At the same time, a group of Arab writers and lawyers planned to appeal to the Arab world to put pressure on Saddam to step down.

“We call upon public opinion in the Arab world to exercise pressure for the dismissal from power of Saddam Hussein and his close aides in order to stop a war that threatens catastrophe for the people of the region,” said a copy of the appeal, obtained by Reuters and set to be published later this week.

“The immediate resignation of Saddam, whose rule over three decades has been a nightmare for Iraq and the Arab world, is the only way around further violence,” it reads.

The appeal — made by lawyers and writers fed up with their governments’ opposition to U.S. policy on Iraq without presenting an alternative — also calls for international human rights monitors to be stationed across Iraq to oversee a transition to democratic rule.

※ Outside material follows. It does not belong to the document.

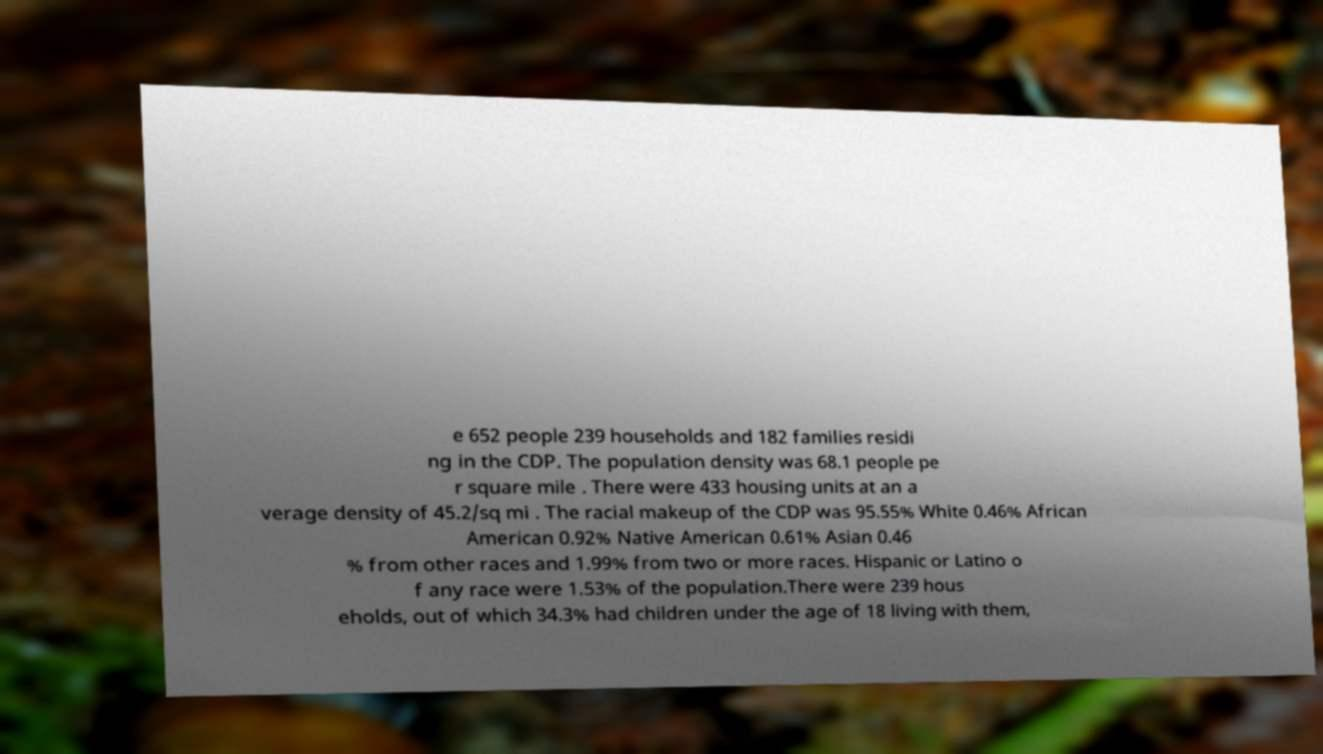Could you extract and type out the text from this image? e 652 people 239 households and 182 families residi ng in the CDP. The population density was 68.1 people pe r square mile . There were 433 housing units at an a verage density of 45.2/sq mi . The racial makeup of the CDP was 95.55% White 0.46% African American 0.92% Native American 0.61% Asian 0.46 % from other races and 1.99% from two or more races. Hispanic or Latino o f any race were 1.53% of the population.There were 239 hous eholds, out of which 34.3% had children under the age of 18 living with them,

The idea of asylum for Saddam in return for his resignation was put forward recently in an open letter to Saddam by Ghassan Tueini, a former Lebanese statesman and publisher of Beirut’s influential An-Nahar daily. The letter was titled “resignation is more honorable.”

IRAQ CONDEMNS RESOLUTION
A U.N. resolution passed Monday by a 13-0 vote with Russia and Syria abstaining, puts new limits on Iraq’s purchases of certain communications equipment and antibiotics that the United States and Britain said could be used by the Iraqi military in a war.

Iraq criticized the resolution in editorials in the state-run press. The daily Al-Jumhuriya said the resolution, which deals with goods Iraq can import under the U.N. oil for food program, is new evidence of Washington’s “hegemony” over the Security Council.

“This is a bad resolution which would lead to inflicting a deliberate damage and harm to our people,” the paper said.
It said the members of the Security Council should “stand against the obvious U.S. domination of the council and ... foil the mad U.S. attempts to wage aggression on Iraq under the cover of the Security Council.”

MILITARY INDUSTRIAL SITE SEARCHED
On Thursday, U.N. weapons inspectors continued their effort to verify Baghdad’s claim that it has no weapons of mass destruction. A U.N. spokesman said teams from the U.N. Monitoring, Verification and Inspection Commission and the International Atomic Energy Agency drove to six sites in central and northwest Iraq.

One team returned to the Al Fat’h military industry site 18 miles west of Baghdad which conducts research and development on missiles and rockets. It was unclear why they made a second visit to the site.

On Wednesday, inspectors searched another missile maintenance workshop, a repair shop for heavy trucks and returned to a brewery and a 7UP bottling plant for another inspection.

U.N. sources told Reuters that the experts would start aerial inspections by helicopter in the next few days.
The inspectors would also set up a permanent base in the town of Mosul on Saturday to oversee inspections in northern Iraq, the U.N. sources told Reuters.